Naganishia antarctica

Scientific classification
- Kingdom: Fungi
- Division: Basidiomycota
- Class: Tremellomycetes
- Order: Filobasidiales
- Family: Filobasidiaceae
- Genus: Naganishia
- Species: N. antarctica
- Binomial name: Naganishia antarctica (Vishniac & Kurtzman) X.Z. Liu, F.Y. Bai, M. Groenew. & Boekhout (2015)
- Synonyms: Cryptococcus antarcticus

= Naganishia antarctica =

- Genus: Naganishia
- Species: antarctica
- Authority: (Vishniac & Kurtzman) X.Z. Liu, F.Y. Bai, M. Groenew. & Boekhout (2015)
- Synonyms: Cryptococcus antarcticus

Species of fungus

Naganishia antarctica is a yeast species that has been isolated from soil in Antarctica.

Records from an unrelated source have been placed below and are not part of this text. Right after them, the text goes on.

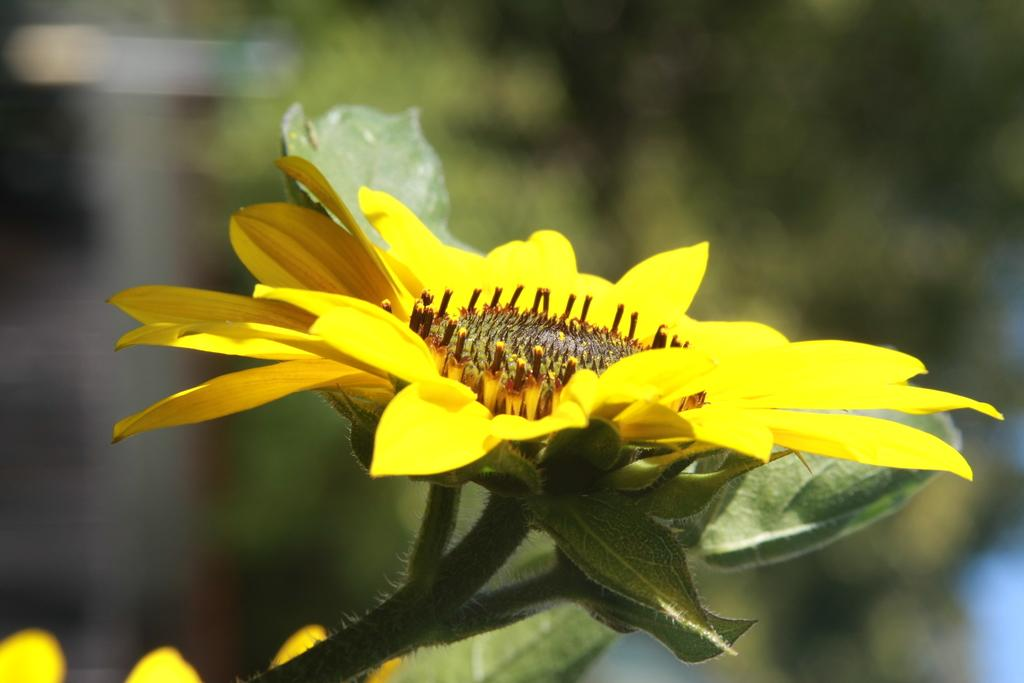What is present in the image? There is a plant in the image. What specific feature of the plant can be observed? The plant has flowers. Can you describe the background of the image? The background of the image is blurry. What type of guide can be seen leading a group of bikes in the image? There is no guide or group of bikes present in the image; it features a plant with flowers and a blurry background. 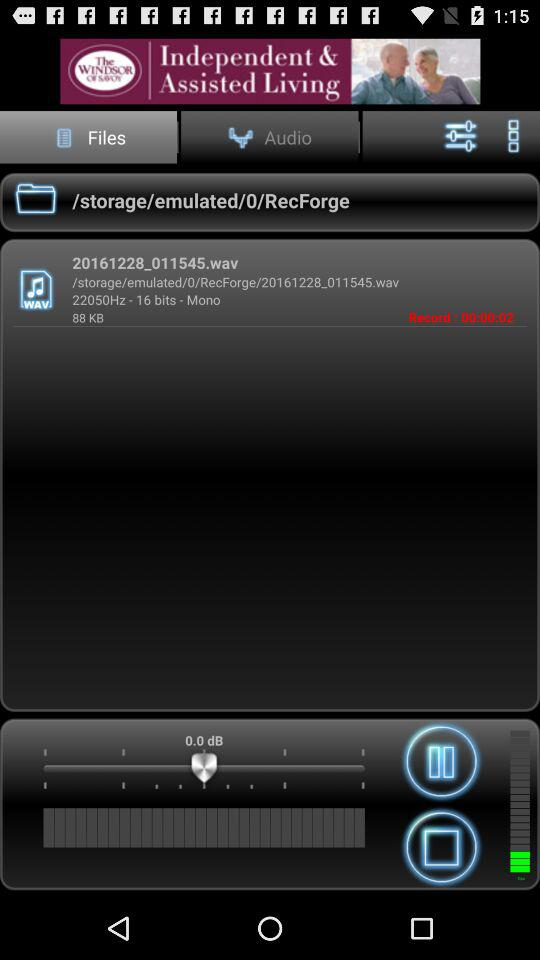Which tab has been selected? The tab that has been selected is "Files". 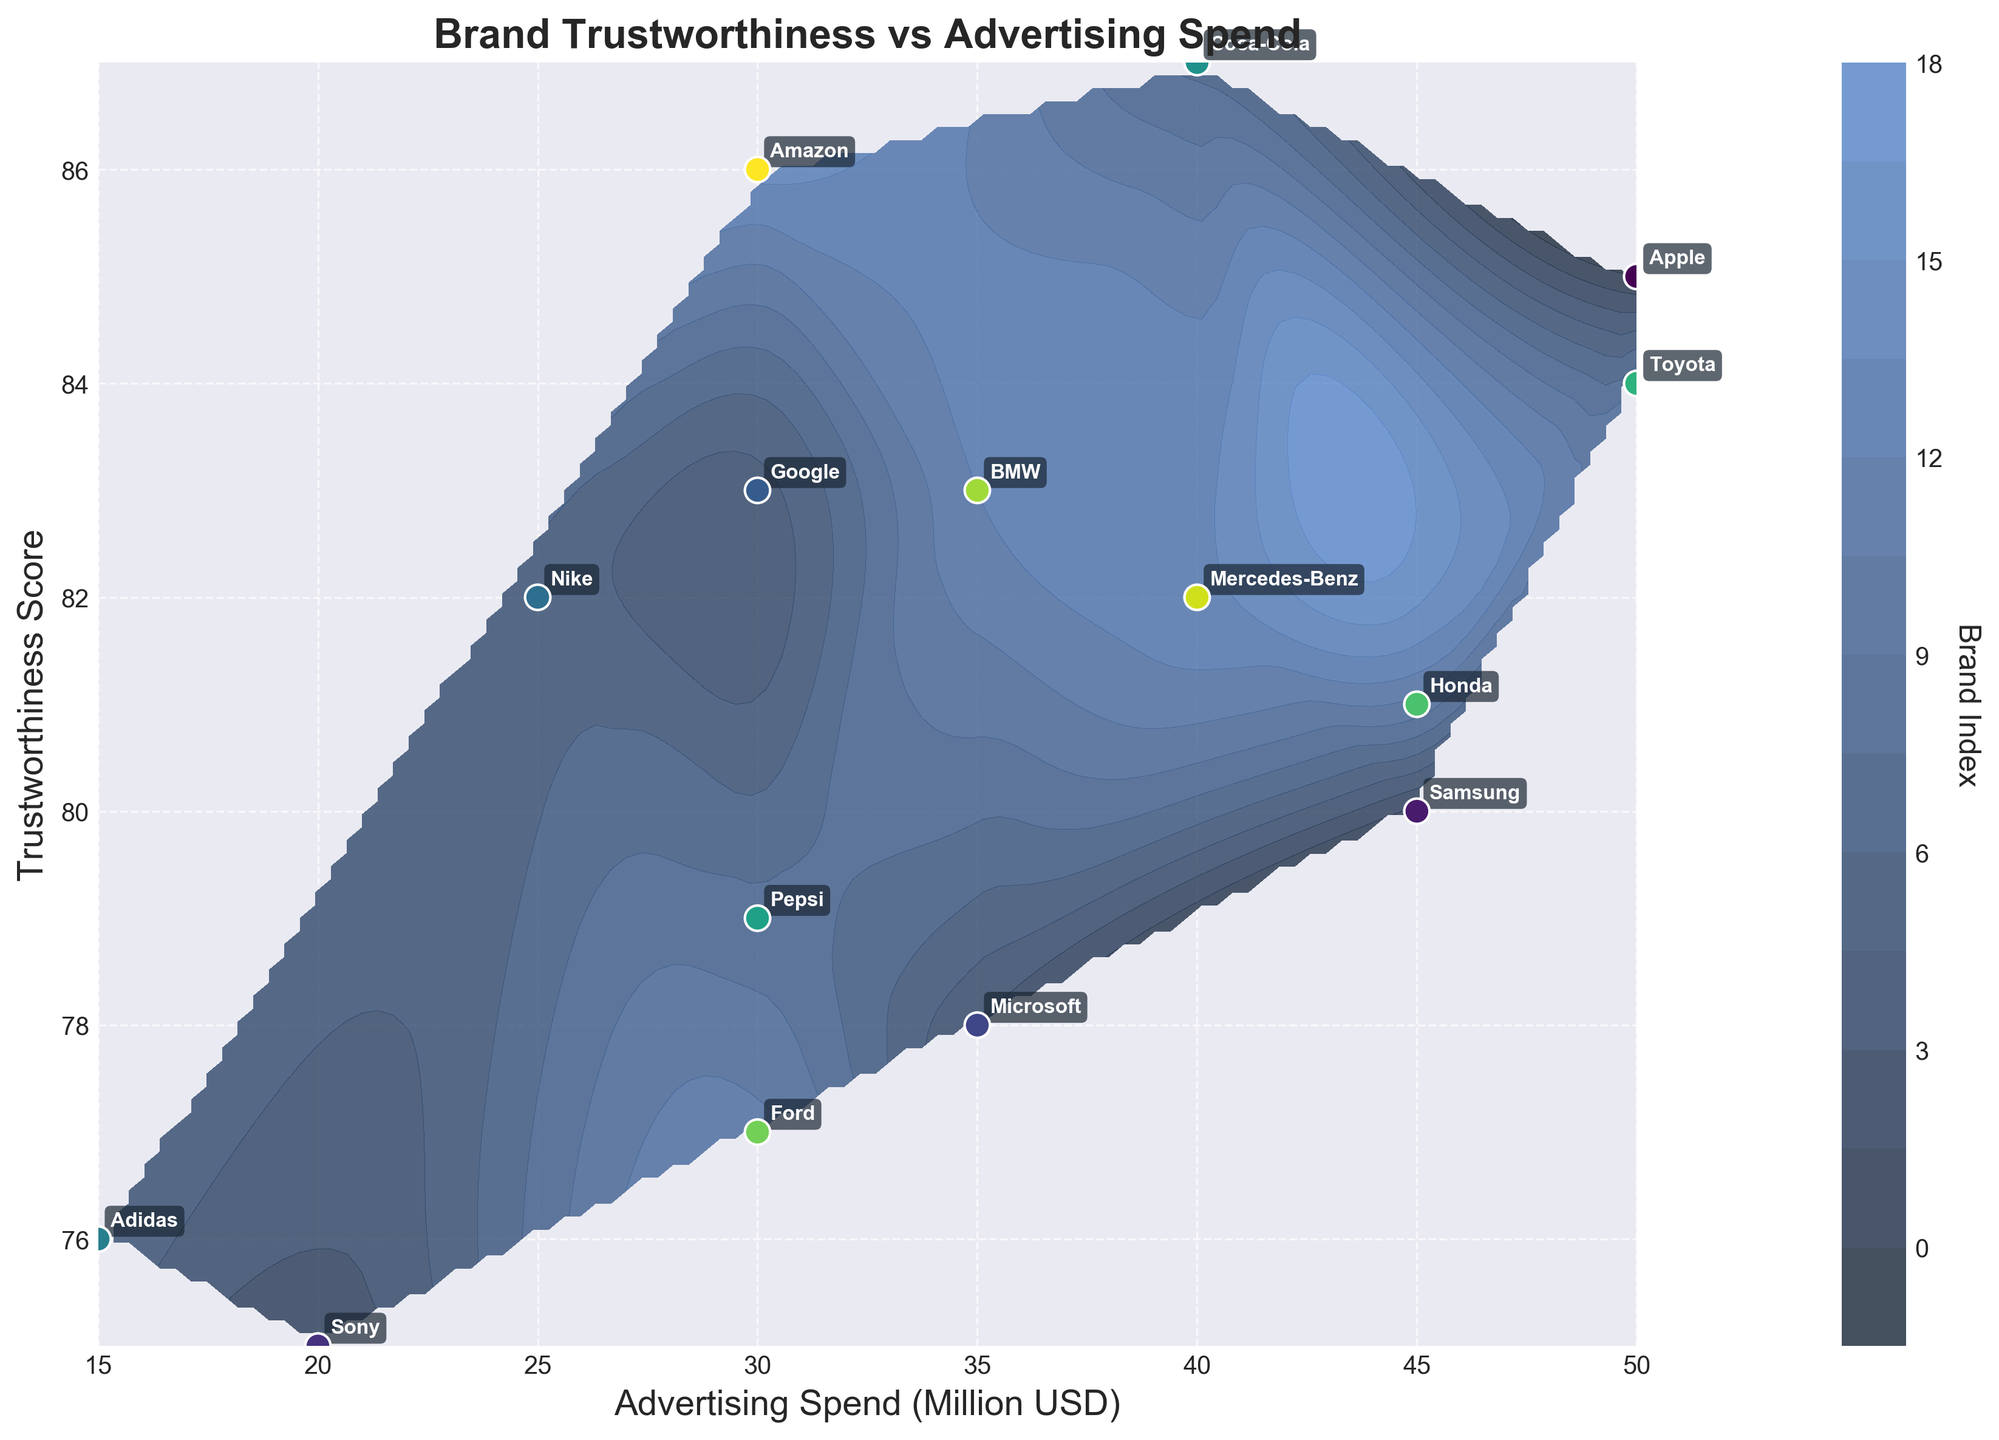How many brands are shown in the plot? The plot includes data points for each brand, identifiable by their label annotations. By counting the distinct brand labels, one can determine the total number of brands.
Answer: 15 What is the range of advertising spend shown on the x-axis? The x-axis represents the advertising spend in millions. By looking at the lowest and highest values on the x-axis, one can determine the range. The minimum value is 15 million USD, and the maximum value is 50 million USD.
Answer: 15 to 50 million USD Which brand has the highest trustworthiness score and how much is it? By observing the y-axis values and identifying the highest plotted point, we can see it corresponds to the brand "Coca-Cola" with a score of 87.
Answer: Coca-Cola, 87 What are the trustworthiness scores for brands that spend 30 million USD on advertising? By finding the points along the vertical line at 30 million USD on the x-axis, we see the trustworthiness scores written for Google, Ford, Amazon, and Pepsi are 83, 77, 86, and 79, respectively.
Answer: Google: 83, Ford: 77, Amazon: 86, Pepsi: 79 Is there a general trend between advertising spend and trustworthiness score? By examining the overall distribution of points and contour lines, there appears to be a slight positive correlation where higher advertising spend tends to align with higher trustworthiness scores, though not perfectly linear.
Answer: Slight positive correlation Which two brands have the closest trustworthiness scores but a significant difference in advertising spend? By analyzing the y-axis for closely positioned points and checking their corresponding x-axis values, Amazon and Google have trustworthiness scores of 86 and 83 respectively, with both spending 30 million USD, resulting in a minimal difference in trustworthiness scores.
Answer: Google and Amazon Between Toyota and Mercedes-Benz, which brand spends more on advertising and how much more? Toyota spends 50 million USD on advertising, whereas Mercedes-Benz spends 40 million USD. The difference is 50 - 40 = 10 million USD.
Answer: Toyota, 10 million USD What's the range of trustworthiness scores provided in the data? The trustworthiness scores in the plot range from the lowest point around 75 (Sony, Adidas) to the highest point at 87 (Coca-Cola).
Answer: 75 to 87 How does the trustworthiness score of Honda compare to that of Samsung, and what's their difference? The trustworthiness score of Honda is 81, while Samsung has a score of 80. The difference is 81 - 80 = 1.
Answer: Honda is higher by 1 Is there any brand with a trustworthiness score below 75? By examining the plot, the lowest score is 75, so no brands have a trustworthiness score below that.
Answer: No

This species grows best between 4 C and 20 C, and some strains have been observed to grow above 25 C. This temperature range is one of the only things that can distinguish it from N. albida on the DNA level, however, it can be phenotypically differentiated through its ability to utilize different minerals and its overall appearance. When plated the colonies have a slightly mucosoid appearance, with a white to cream coloration. Naganishia antarctica is able to assimilate nitrogen and glucoronate, and some strains can turn a dirty yellow when doing so. When being cultured in liquid media, constant agitation is required. On a microscopic level this yeast is ovoid. Naganishia antarctica has not been seen to sexually reproduce, but when it reproduces asexually it does so through budding. Mature cells that have not recently budded typically are 4.0 μm by 7.5 μm, and they do not appear to produce pseudomycelium. Naganishia antarctica is not able to ferment, but all of its strains use cellobiose, 2-ketogluconate in hemicalcium salt, gluconate at pH 5.8, glucuronate at pH 5.5, maltose, mannitol, melezitose, soluble starch and succinate at pH 5.5 as sole carbon sources. Only certain strains of N. anarctica can use citrate at pH 6.0, D-glucitol, L-arabinose, raffinose and xylose as sole carbon sources. This species does not require vitamins for optimal growth. Naganishia antarctica is able to produce amylose. This species is also able to assimilate L-lysine, nitrate and cadaverine as nitrogen sources.